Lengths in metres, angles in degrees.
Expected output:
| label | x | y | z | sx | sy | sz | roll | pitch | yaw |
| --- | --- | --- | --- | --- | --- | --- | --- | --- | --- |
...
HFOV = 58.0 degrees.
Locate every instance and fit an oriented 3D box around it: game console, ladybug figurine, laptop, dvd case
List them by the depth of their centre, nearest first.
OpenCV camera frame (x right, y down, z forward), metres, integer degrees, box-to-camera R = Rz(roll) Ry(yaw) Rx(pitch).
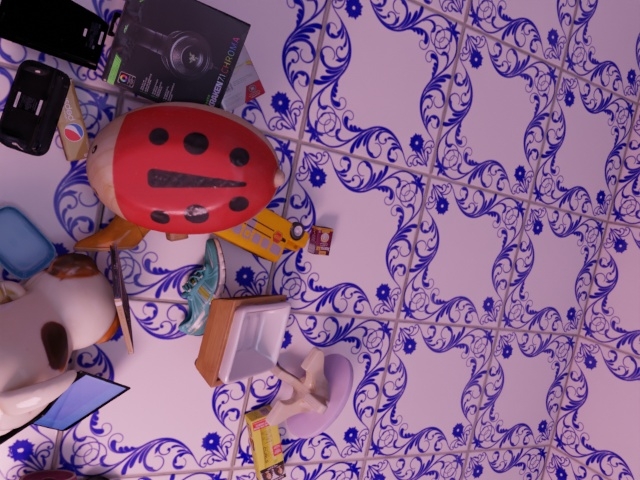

—————

## Task brief
From the first line to the last, copy the records above exactly and leave out the pictures.

## Task solution
Lengths in metres, angles in degrees.
Expected output:
| label | x | y | z | sx | sy | sz | roll | pitch | yaw |
| --- | --- | --- | --- | --- | --- | --- | --- | --- | --- |
...
HFOV = 58.0 degrees.
Locate every instance and fit an oriented 3D box around it: game console, ladybug figurine, laptop, dvd case
List them by the depth of their centre, nearest first.
OpenCV camera frame (x right, y down, z forward), metres, integer degrees, box-to-camera R = Rz(roll) Ry(yaw) Rx(pitch).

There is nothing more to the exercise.